• Requirement
When a line of the records contains "heeft", copy it.

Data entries
-=-=-=-=-

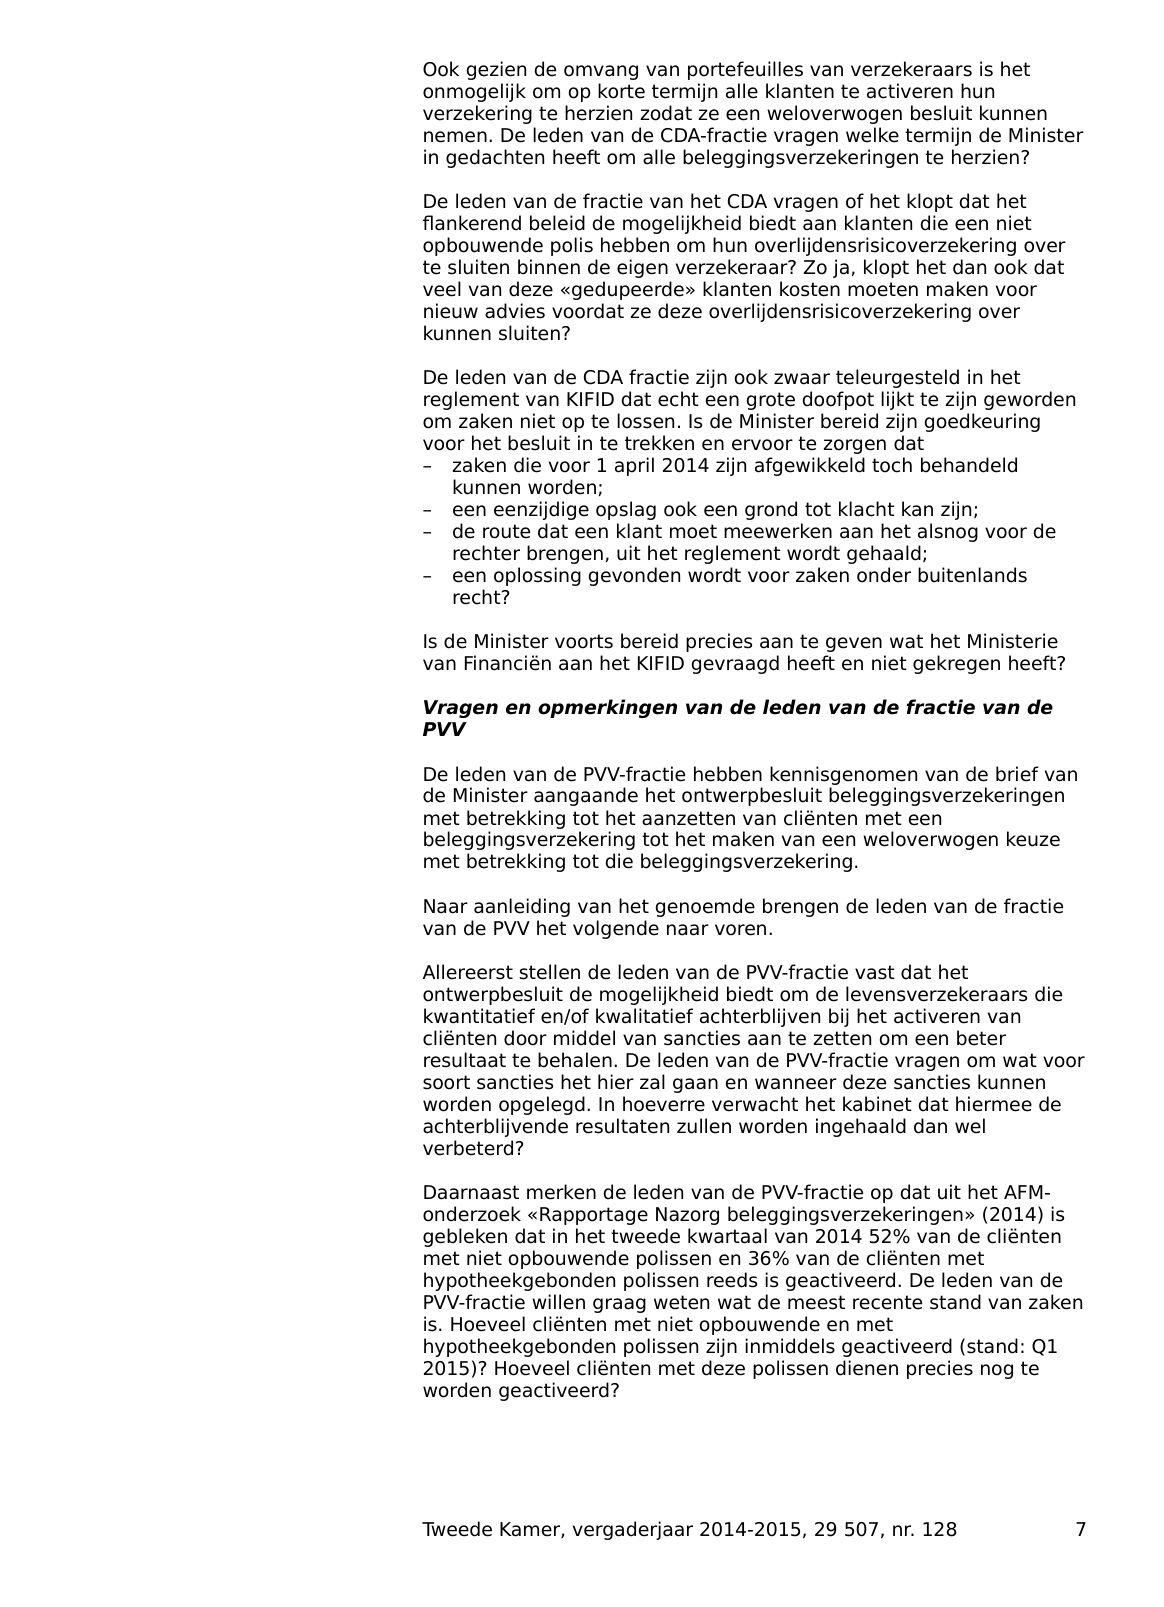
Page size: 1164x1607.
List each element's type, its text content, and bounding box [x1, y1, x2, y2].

text Allereerst stellen de leden van de PVV-fractie vast dat het ontwerpbesluit de mogelijkheid biedt om de levensverzekeraars die kwantitatief en/of kwalitatief achterblijven bij het activeren van cliënten door middel van sancties aan te zetten om een beter resultaat te behalen. De leden van de PVV-fractie vragen om wat voor soort sancties het hier zal gaan en wanneer deze sancties kunnen worden opgelegd. In hoeverre verwacht het kabinet dat hiermee de achterblijvende resultaten zullen worden ingehaald dan wel verbeterd? [422, 962, 1087, 1159]
text – zaken die voor 1 april 2014 zijn afgewikkeld toch behandeld kunnen worden; [422, 455, 1087, 499]
text Ook gezien de omvang van portefeuilles van verzekeraars is het onmogelijk om op korte termijn alle klanten te activeren hun verzekering te herzien zodat ze een weloverwogen besluit kunnen nemen. De leden van de CDA-fractie vragen welke termijn de Minister in gedachten heeft om alle beleggingsverzekeringen te herzien? [422, 59, 1087, 169]
subtitle Vragen en opmerkingen van de leden van de fractie van de PVV [422, 697, 1087, 741]
text Daarnaast merken de leden van de PVV-fractie op dat uit het AFM-onderzoek «Rapportage Nazorg beleggingsverzekeringen» (2014) is gebleken dat in het tweede kwartaal van 2014 52% van de cliënten met niet opbouwende polissen en 36% van de cliënten met hypotheekgebonden polissen reeds is geactiveerd. De leden van de PVV-fractie willen graag weten wat de meest recente stand van zaken is. Hoeveel cliënten met niet opbouwende en met hypotheekgebonden polissen zijn inmiddels geactiveerd (stand: Q1 2015)? Hoeveel cliënten met deze polissen dienen precies nog te worden geactiveerd? [422, 1182, 1087, 1401]
text – een oplossing gevonden wordt voor zaken onder buitenlands recht? [422, 565, 1087, 609]
text De leden van de PVV-fractie hebben kennisgenomen van de brief van de Minister aangaande het ontwerpbesluit beleggingsverzekeringen met betrekking tot het aanzetten van cliënten met een beleggingsverzekering tot het maken van een weloverwogen keuze met betrekking tot die beleggingsverzekering. [422, 763, 1087, 873]
text Is de Minister voorts bereid precies aan te geven wat het Ministerie van Financiën aan het KIFID gevraagd heeft en niet gekregen heeft? [422, 631, 1087, 675]
text – de route dat een klant moet meewerken aan het alsnog voor de rechter brengen, uit het reglement wordt gehaald; [422, 521, 1087, 565]
text De leden van de CDA fractie zijn ook zwaar teleurgesteld in het reglement van KIFID dat echt een grote doofpot lijkt te zijn geworden om zaken niet op te lossen. Is de Minister bereid zijn goedkeuring voor het besluit in te trekken en ervoor te zorgen dat [422, 367, 1087, 455]
text De leden van de fractie van het CDA vragen of het klopt dat het flankerend beleid de mogelijkheid biedt aan klanten die een niet opbouwende polis hebben om hun overlijdensrisicoverzekering over te sluiten binnen de eigen verzekeraar? Zo ja, klopt het dan ook dat veel van deze «gedupeerde» klanten kosten moeten maken voor nieuw advies voordat ze deze overlijdensrisicoverzekering over kunnen sluiten? [422, 191, 1087, 345]
text Naar aanleiding van het genoemde brengen de leden van de fractie van de PVV het volgende naar voren. [422, 896, 1087, 939]
text – een eenzijdige opslag ook een grond tot klacht kan zijn; [422, 499, 1087, 521]

-=-=-=-=-

• Exercise result
text Ook gezien de omvang van portefeuilles van verzekeraars is het onmogelijk om op korte termijn alle klanten te activeren hun verzekering te herzien zodat ze een weloverwogen besluit kunnen nemen. De leden van de CDA-fractie vragen welke termijn de Minister in gedachten heeft om alle beleggingsverzekeringen te herzien? [422, 59, 1087, 169]
text Is de Minister voorts bereid precies aan te geven wat het Ministerie van Financiën aan het KIFID gevraagd heeft en niet gekregen heeft? [422, 631, 1087, 675]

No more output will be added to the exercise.